## What you are asked to do
Your answer must be the records below, given again exactly, with no pictures in it.
Start of Dataset
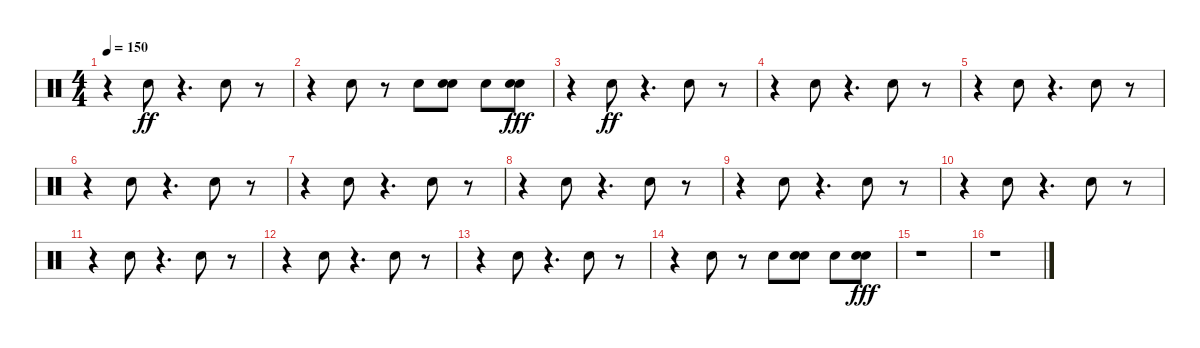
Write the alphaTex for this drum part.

\track "" {instrument percussion}
\staff {score}
\articulation defaults
\ts (4 4)
\tempo 150
\clef neutral
\ks c
r.4{dy ff} "Electric Snare (hit)".8 r.4{d} "Electric Snare (hit)".8 r.8 |
r.4 "Electric Snare (hit)".8 r.8 "Electric Snare (hit)".8 ("Electric Snare (hit)" "Electric Snare (hit)").8 "Electric Snare (hit)".8 ("Electric Snare (hit)" "Electric Snare (hit)").8{dy fff} |
r.4 "Electric Snare (hit)".8{dy ff} r.4{d} "Electric Snare (hit)".8 r.8 |
r.4 "Electric Snare (hit)".8 r.4{d} "Electric Snare (hit)".8 r.8 |
r.4 "Electric Snare (hit)".8 r.4{d} "Electric Snare (hit)".8 r.8 |
r.4 "Electric Snare (hit)".8 r.4{d} "Electric Snare (hit)".8 r.8 |
r.4 "Electric Snare (hit)".8 r.4{d} "Electric Snare (hit)".8 r.8 |
r.4 "Electric Snare (hit)".8 r.4{d} "Electric Snare (hit)".8 r.8 |
r.4 "Electric Snare (hit)".8 r.4{d} "Electric Snare (hit)".8 r.8 |
r.4 "Electric Snare (hit)".8 r.4{d} "Electric Snare (hit)".8 r.8 |
r.4 "Electric Snare (hit)".8 r.4{d} "Electric Snare (hit)".8 r.8 |
r.4 "Electric Snare (hit)".8 r.4{d} "Electric Snare (hit)".8 r.8 |
r.4 "Electric Snare (hit)".8 r.4{d} "Electric Snare (hit)".8 r.8 |
r.4 "Electric Snare (hit)".8 r.8 "Electric Snare (hit)".8 ("Electric Snare (hit)" "Electric Snare (hit)").8 "Electric Snare (hit)".8 ("Electric Snare (hit)" "Electric Snare (hit)").8{dy fff} |
r.1 |
r.1
End of Dataset
## Exercise response
Write the alphaTex for this drum part.

\track "" {instrument percussion}
\staff {score}
\articulation defaults
\ts (4 4)
\tempo 150
\clef neutral
\ks c
r.4{dy ff} "Electric Snare (hit)".8 r.4{d} "Electric Snare (hit)".8 r.8 |
r.4 "Electric Snare (hit)".8 r.8 "Electric Snare (hit)".8 ("Electric Snare (hit)" "Electric Snare (hit)").8 "Electric Snare (hit)".8 ("Electric Snare (hit)" "Electric Snare (hit)").8{dy fff} |
r.4 "Electric Snare (hit)".8{dy ff} r.4{d} "Electric Snare (hit)".8 r.8 |
r.4 "Electric Snare (hit)".8 r.4{d} "Electric Snare (hit)".8 r.8 |
r.4 "Electric Snare (hit)".8 r.4{d} "Electric Snare (hit)".8 r.8 |
r.4 "Electric Snare (hit)".8 r.4{d} "Electric Snare (hit)".8 r.8 |
r.4 "Electric Snare (hit)".8 r.4{d} "Electric Snare (hit)".8 r.8 |
r.4 "Electric Snare (hit)".8 r.4{d} "Electric Snare (hit)".8 r.8 |
r.4 "Electric Snare (hit)".8 r.4{d} "Electric Snare (hit)".8 r.8 |
r.4 "Electric Snare (hit)".8 r.4{d} "Electric Snare (hit)".8 r.8 |
r.4 "Electric Snare (hit)".8 r.4{d} "Electric Snare (hit)".8 r.8 |
r.4 "Electric Snare (hit)".8 r.4{d} "Electric Snare (hit)".8 r.8 |
r.4 "Electric Snare (hit)".8 r.4{d} "Electric Snare (hit)".8 r.8 |
r.4 "Electric Snare (hit)".8 r.8 "Electric Snare (hit)".8 ("Electric Snare (hit)" "Electric Snare (hit)").8 "Electric Snare (hit)".8 ("Electric Snare (hit)" "Electric Snare (hit)").8{dy fff} |
r.1 |
r.1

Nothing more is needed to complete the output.